First step:- Read first row i.e all columns the remove all duplicate columns.

Second step:- Finally read only that columns.

cols = pd.read_csv("file.csv", header=None, nrows=1).iloc[0].drop_duplicates()
df = pd.read_csv("file.csv", usecols=cols)
Answered By: kamran kausar

I ran into this problem where the one liner provided by the first answer worked well. However, I had the extra complication where the second copy of the column had all of the data. The first copy did not.

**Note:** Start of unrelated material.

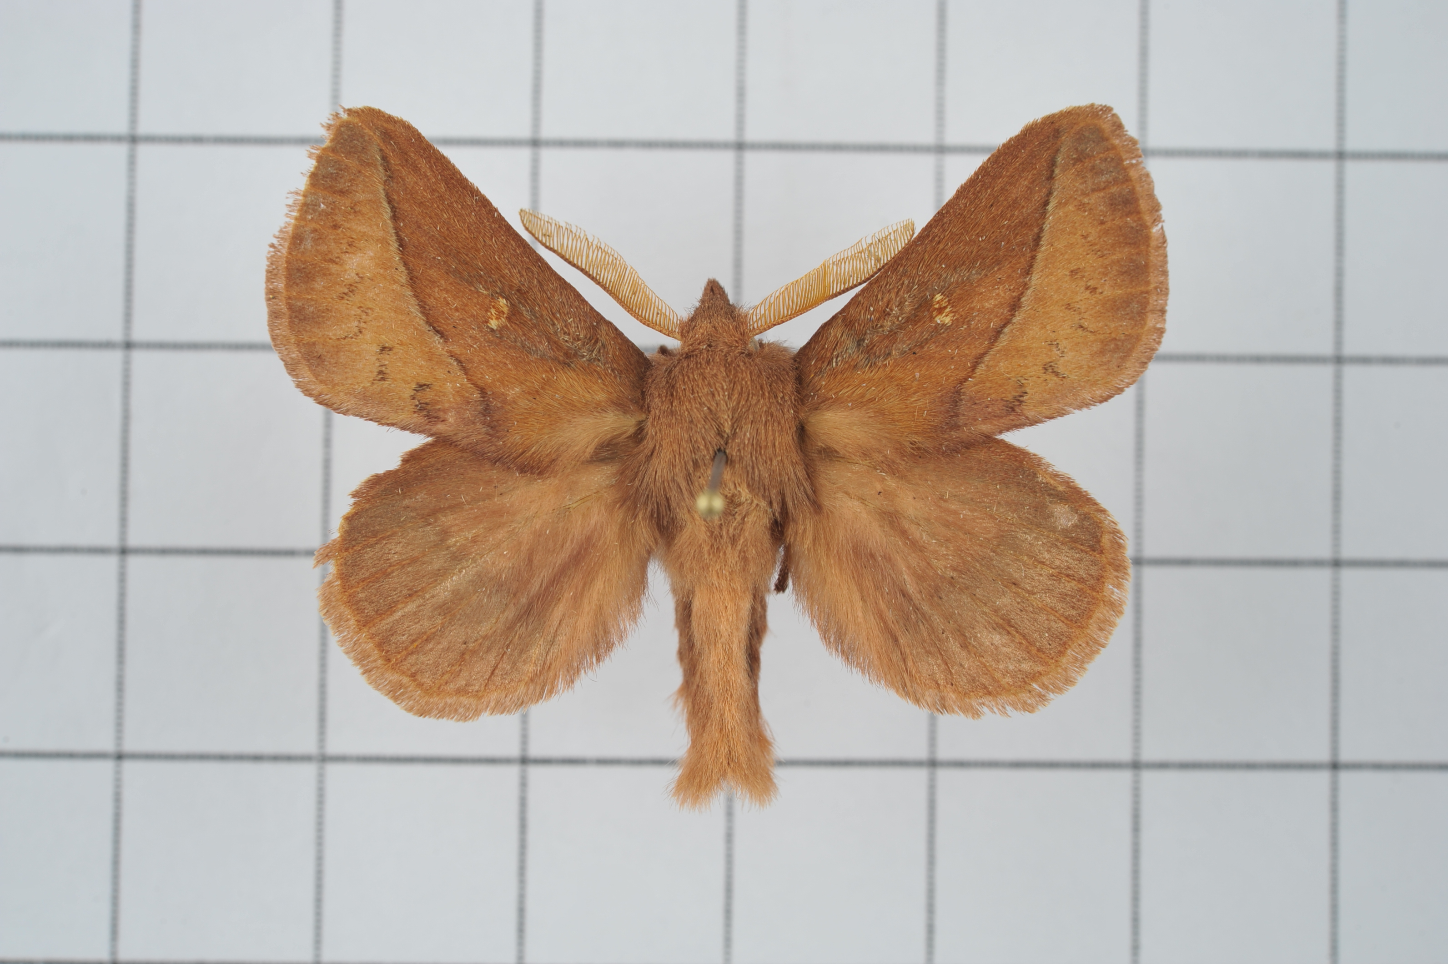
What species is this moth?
Euthrix tamahonis

The solution was to create two data frames by splitting the one data frame by toggling the negation operator. Once I had the two data frames, I ran a join statement using the lsuffix. This way, I could then reference and delete the column without the data.

– E

March 2021 update

The subsequent post by @CircArgs may have provided a succinct one-liner to accomplish what I described here.

Answered By: Edmund's Echo

It looks like you were on the right path. Here is the one-liner you were looking for:

df.reset_index().T.drop_duplicates().T

But since there is no example data frame that produces the referenced error message Reindexing only valid with uniquely valued index objects, it is tough to say exactly what would solve the problem. if restoring the original index is important to you do this:

original_index = df.index.names
df.reset_index().T.drop_duplicates().reset_index(original_index).T
Answered By: Tony B

The way below will identify dupe columns to review what is going wrong building the dataframe originally.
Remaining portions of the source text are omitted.